Expectation (writes <= 0) by MediaWiki\MediaWikiEntryPoint::restInPeace not met (actual: 1):

for various code paths (watchlist, site stats, Echo); about 20k / day. (logstash)

Screenshot Capture - 2025-03-06 - 21-36-29.png (578×1 px, 62 KB)

Event Timeline

Restricted Application added a subscriber: Aklapper. · View Herald Transcript

I thought rOPUP3a729e42cc58: Update CentralAuth multi-DC rules for SUL3, attempt 2 would fix this but seems like it doesn't, even though I can verify that the URLs seen in Logstash are forced to the primary DC now, e.g.

$ curl -vo/dev/null 'https://es.wikipedia.org/wiki/?do-not-cache=123' |& ack 'x-cache|server'
* ALPN: server accepted h2
< server: mw-web.eqiad.main-58fdbf89d-d4jpv
< x-cache: cp3070 miss, cp3070 miss
< x-cache-status: miss
< server-timing: cache;desc="miss", host;desc="cp3070"

tgr@tgr-ThinkPad:~$ curl -vo/dev/null 'https://es.wikipedia.org/wiki/Special:CentralAutoLogin/setCookies?returnUrlToken=<redacted>&type=redirect&usesul3=0' |& ack 'x-cache|server'
* ALPN: server accepted h2
< server: mw-web.codfw.main-7dffb485d6-n8qjf
< x-cache: cp3070 miss, cp3070 pass
< x-cache-status: pass
< server-timing: cache;desc="pass", host;desc="cp3070"

Per IRC discussion with @Krinkle, we should just apply the same warning silencing workaround here that we do for e.g. for returning from remote authentication. It's not perfect (ideally we wouldn't want to suppress warnings that are not autocreation-related), but avoids overcomplicating things and it is good enough (autocreations on GET are essentially random, so it won't deterministically suppress a problem in unrelated code).

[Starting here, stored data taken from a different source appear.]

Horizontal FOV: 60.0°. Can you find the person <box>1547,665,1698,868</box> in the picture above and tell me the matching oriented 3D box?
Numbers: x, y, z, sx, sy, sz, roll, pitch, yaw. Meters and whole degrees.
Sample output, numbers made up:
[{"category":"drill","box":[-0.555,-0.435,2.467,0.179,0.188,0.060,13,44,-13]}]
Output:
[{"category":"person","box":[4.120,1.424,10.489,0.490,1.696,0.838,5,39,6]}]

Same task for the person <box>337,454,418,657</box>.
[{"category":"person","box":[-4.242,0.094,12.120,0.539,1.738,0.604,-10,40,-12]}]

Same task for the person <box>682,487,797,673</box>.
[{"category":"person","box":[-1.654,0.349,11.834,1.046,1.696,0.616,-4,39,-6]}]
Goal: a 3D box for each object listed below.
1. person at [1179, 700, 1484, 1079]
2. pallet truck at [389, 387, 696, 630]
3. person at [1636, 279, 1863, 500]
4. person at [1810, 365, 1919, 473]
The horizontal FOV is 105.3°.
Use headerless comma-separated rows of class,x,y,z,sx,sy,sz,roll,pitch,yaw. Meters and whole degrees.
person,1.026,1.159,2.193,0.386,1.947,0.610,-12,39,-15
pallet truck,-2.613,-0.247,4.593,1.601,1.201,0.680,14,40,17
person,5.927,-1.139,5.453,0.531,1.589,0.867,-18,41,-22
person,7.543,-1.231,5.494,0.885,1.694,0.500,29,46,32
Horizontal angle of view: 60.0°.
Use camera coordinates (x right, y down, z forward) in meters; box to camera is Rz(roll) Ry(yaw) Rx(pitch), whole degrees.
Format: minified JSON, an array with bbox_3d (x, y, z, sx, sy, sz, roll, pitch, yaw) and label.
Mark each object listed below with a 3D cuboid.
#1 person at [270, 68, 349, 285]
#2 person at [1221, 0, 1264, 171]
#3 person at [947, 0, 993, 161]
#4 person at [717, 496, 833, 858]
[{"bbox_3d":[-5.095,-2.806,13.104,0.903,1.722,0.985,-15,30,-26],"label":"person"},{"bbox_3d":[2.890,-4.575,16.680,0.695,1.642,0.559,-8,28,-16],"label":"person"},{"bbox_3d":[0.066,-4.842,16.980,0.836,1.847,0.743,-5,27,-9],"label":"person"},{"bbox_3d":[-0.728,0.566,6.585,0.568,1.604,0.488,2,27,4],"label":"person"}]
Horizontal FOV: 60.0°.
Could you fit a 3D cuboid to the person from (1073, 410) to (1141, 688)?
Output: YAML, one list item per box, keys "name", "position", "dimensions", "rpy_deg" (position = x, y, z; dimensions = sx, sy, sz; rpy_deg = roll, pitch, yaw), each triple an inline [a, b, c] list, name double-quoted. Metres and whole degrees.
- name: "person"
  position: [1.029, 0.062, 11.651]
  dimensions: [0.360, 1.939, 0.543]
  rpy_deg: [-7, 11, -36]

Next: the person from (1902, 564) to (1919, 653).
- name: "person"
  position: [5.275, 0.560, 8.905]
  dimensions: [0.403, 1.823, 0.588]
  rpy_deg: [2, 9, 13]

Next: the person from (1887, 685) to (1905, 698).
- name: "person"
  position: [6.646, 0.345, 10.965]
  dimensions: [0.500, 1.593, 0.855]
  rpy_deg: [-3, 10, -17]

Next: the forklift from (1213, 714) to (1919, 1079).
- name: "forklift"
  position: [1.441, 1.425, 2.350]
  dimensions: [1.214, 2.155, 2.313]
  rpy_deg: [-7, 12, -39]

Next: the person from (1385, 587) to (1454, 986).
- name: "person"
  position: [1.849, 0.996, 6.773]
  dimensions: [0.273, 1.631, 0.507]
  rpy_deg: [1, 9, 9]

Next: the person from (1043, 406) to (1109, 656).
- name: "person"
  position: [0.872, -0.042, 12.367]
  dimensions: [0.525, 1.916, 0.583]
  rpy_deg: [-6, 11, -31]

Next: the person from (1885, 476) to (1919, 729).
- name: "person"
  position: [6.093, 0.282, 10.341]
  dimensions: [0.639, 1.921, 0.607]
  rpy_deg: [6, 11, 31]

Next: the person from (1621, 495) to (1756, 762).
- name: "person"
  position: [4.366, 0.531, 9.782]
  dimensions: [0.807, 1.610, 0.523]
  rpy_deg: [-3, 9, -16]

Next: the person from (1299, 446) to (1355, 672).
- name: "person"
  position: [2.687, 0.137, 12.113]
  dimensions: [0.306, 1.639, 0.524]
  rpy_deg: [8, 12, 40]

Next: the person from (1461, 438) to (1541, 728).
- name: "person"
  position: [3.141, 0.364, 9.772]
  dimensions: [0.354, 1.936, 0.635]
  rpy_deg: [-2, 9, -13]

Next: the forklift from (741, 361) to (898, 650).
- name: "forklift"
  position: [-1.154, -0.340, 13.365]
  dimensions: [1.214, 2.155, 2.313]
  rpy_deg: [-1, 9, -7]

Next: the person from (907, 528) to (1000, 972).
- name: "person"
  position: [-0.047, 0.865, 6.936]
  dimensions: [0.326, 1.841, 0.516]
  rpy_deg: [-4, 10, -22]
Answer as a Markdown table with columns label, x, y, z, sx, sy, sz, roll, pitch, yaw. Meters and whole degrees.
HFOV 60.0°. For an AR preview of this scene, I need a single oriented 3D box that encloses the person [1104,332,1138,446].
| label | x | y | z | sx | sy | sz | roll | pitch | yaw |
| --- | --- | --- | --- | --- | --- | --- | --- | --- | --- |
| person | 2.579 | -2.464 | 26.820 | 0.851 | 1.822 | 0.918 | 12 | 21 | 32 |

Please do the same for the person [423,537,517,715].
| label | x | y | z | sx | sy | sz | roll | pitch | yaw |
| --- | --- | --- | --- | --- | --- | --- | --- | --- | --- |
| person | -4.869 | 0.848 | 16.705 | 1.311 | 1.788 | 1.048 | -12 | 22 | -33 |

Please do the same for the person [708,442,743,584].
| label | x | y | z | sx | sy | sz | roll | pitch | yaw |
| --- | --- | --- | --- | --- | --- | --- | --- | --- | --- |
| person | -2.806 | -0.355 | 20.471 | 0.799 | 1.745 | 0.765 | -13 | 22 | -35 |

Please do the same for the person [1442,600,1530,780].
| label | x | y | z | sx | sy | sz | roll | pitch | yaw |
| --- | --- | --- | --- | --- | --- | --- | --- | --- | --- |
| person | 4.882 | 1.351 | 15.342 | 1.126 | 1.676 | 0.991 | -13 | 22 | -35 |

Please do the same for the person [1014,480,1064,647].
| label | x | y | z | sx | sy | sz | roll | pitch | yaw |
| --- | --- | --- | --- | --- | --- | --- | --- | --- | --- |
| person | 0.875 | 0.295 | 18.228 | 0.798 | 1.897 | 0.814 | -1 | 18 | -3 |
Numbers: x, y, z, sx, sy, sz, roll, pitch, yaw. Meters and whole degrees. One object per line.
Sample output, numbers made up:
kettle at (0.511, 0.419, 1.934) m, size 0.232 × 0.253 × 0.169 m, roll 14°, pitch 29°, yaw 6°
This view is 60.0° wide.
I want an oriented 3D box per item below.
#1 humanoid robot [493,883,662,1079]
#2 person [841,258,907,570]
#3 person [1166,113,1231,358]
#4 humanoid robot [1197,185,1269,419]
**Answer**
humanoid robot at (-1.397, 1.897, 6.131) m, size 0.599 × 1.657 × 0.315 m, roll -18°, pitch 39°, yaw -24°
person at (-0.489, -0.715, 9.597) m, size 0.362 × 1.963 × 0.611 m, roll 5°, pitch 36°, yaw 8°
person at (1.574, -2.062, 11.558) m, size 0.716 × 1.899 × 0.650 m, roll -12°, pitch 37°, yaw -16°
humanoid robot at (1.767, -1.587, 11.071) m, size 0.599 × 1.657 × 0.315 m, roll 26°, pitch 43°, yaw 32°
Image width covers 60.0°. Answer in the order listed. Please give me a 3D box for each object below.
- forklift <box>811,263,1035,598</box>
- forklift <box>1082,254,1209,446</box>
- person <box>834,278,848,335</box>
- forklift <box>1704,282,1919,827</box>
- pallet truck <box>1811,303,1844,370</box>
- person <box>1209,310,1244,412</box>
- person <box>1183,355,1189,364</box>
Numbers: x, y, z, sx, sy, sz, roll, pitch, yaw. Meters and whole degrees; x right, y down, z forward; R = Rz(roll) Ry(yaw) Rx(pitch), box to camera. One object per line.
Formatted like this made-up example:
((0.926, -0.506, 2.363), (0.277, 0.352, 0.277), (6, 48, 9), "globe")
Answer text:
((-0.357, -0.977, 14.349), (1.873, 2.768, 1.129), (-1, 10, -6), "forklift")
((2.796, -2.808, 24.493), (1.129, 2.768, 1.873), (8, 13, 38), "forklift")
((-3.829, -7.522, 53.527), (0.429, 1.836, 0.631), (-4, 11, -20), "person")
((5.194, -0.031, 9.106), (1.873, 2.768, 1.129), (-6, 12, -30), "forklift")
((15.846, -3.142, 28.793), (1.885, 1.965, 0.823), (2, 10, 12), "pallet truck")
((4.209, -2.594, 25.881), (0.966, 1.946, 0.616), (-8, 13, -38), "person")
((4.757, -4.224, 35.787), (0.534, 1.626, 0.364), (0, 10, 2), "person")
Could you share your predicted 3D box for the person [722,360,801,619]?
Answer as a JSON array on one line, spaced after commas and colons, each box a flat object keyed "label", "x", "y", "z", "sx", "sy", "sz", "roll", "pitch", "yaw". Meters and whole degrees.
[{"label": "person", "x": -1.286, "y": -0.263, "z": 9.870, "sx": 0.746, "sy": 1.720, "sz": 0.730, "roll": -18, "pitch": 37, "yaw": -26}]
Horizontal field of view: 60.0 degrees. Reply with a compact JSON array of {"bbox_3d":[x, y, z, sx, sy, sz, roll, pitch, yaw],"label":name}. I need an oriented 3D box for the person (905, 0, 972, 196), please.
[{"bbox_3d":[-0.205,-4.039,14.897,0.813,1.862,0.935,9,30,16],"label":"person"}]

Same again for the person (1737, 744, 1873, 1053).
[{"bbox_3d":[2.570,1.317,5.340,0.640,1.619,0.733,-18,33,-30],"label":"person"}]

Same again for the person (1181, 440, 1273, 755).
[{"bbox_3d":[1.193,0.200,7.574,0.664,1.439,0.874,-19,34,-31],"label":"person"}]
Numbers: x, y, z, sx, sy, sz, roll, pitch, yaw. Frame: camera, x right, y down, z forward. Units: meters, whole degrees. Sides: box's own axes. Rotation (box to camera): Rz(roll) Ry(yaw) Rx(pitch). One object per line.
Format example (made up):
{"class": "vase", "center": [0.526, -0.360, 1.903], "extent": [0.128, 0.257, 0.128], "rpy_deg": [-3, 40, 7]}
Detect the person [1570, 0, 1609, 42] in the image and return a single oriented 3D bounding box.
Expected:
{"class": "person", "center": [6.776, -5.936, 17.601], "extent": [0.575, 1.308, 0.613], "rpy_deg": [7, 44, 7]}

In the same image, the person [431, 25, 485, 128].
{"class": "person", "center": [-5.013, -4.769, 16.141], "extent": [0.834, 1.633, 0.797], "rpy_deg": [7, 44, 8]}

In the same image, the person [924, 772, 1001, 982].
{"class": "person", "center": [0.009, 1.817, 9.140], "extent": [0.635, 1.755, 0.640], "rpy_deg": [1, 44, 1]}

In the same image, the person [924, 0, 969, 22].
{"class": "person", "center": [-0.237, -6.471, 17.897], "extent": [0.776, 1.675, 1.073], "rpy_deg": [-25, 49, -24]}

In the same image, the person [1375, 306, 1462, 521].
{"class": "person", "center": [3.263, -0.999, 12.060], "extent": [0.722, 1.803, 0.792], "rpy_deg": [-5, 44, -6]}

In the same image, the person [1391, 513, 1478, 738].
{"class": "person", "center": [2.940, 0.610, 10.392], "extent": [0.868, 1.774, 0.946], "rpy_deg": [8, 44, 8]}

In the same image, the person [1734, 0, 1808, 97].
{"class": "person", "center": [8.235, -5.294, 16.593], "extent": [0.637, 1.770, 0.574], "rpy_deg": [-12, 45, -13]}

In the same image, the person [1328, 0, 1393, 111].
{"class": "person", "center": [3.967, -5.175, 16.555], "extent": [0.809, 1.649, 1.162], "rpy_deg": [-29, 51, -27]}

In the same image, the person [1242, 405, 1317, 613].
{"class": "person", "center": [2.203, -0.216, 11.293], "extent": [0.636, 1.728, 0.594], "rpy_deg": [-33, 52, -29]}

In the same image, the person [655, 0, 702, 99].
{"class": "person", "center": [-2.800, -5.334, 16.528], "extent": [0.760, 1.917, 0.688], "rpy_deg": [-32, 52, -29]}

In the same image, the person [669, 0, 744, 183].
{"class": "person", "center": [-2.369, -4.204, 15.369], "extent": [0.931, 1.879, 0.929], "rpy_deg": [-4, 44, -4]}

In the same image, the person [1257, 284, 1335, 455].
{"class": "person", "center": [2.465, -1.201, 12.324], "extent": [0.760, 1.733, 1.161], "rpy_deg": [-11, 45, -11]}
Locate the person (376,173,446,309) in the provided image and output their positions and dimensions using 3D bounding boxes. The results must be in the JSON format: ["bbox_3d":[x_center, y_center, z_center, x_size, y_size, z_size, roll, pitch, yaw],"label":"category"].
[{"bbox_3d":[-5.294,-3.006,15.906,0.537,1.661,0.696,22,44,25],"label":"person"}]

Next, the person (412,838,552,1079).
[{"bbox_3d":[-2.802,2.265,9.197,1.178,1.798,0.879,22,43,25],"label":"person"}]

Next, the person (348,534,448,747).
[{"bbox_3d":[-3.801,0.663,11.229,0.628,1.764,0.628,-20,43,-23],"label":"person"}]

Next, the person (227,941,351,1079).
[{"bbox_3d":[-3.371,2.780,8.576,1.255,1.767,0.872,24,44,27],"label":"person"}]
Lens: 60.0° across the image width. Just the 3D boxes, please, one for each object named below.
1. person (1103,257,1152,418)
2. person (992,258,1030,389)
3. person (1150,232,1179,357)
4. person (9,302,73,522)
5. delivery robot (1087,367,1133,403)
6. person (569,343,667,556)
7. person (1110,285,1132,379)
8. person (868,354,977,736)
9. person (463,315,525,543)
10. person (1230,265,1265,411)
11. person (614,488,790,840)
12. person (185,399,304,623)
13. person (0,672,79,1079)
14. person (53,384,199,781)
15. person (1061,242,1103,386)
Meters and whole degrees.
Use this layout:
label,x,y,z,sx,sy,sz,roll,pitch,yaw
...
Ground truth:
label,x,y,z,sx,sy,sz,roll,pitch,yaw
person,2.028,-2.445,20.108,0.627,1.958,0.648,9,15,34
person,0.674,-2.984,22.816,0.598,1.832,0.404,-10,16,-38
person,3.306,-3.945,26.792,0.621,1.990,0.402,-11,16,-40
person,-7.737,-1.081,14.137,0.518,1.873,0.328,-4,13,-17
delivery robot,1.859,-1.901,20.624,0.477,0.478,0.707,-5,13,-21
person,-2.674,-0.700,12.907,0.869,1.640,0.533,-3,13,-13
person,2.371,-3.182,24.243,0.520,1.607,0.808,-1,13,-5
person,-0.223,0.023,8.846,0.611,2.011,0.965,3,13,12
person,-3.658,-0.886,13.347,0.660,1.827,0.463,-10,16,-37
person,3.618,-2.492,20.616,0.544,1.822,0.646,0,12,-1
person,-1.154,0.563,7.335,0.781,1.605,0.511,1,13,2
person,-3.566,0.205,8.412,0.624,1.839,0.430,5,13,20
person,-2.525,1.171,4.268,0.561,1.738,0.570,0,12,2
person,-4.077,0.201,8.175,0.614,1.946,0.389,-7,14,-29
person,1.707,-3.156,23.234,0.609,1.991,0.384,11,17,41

Change #1126006 had a related patch set uploaded (by Gergő Tisza; author: Gergő Tisza):

[mediawiki/core@master] Silence TRX profiler in deferreds after autocreation

https://gerrit.wikimedia.org/r/1126006

Change #1126006 merged by jenkins-bot:

[mediawiki/core@master] Silence TRX profiler in deferreds after autocreation

https://gerrit.wikimedia.org/r/1126006

Change #1126628 had a related patch set uploaded (by Gergő Tisza; author: Gergő Tisza):

[mediawiki/core@wmf/1.44.0-wmf.19] Silence TRX profiler in deferreds after autocreation

https://gerrit.wikimedia.org/r/1126628

Change #1126630 had a related patch set uploaded (by Gergő Tisza; author: Gergő Tisza):

[mediawiki/core@wmf/1.44.0-wmf.20] Silence TRX profiler in deferreds after autocreation

https://gerrit.wikimedia.org/r/1126630

Change #1126628 merged by jenkins-bot:

[mediawiki/core@wmf/1.44.0-wmf.19] Silence TRX profiler in deferreds after autocreation

https://gerrit.wikimedia.org/r/1126628

Change #1126630 merged by jenkins-bot:

[mediawiki/core@wmf/1.44.0-wmf.20] Silence TRX profiler in deferreds after autocreation

https://gerrit.wikimedia.org/r/1126630

Mentioned in SAL (#wikimedia-operations) [2025-03-11T20:35:56Z] <jhuneidi@deploy2002> Started scap sync-world: Backport for [[gerrit:1126628|Silence TRX profiler in deferreds after autocreation (T388165)]], [[gerrit:1126630|Silence TRX profiler in deferreds after autocreation (T388165)]]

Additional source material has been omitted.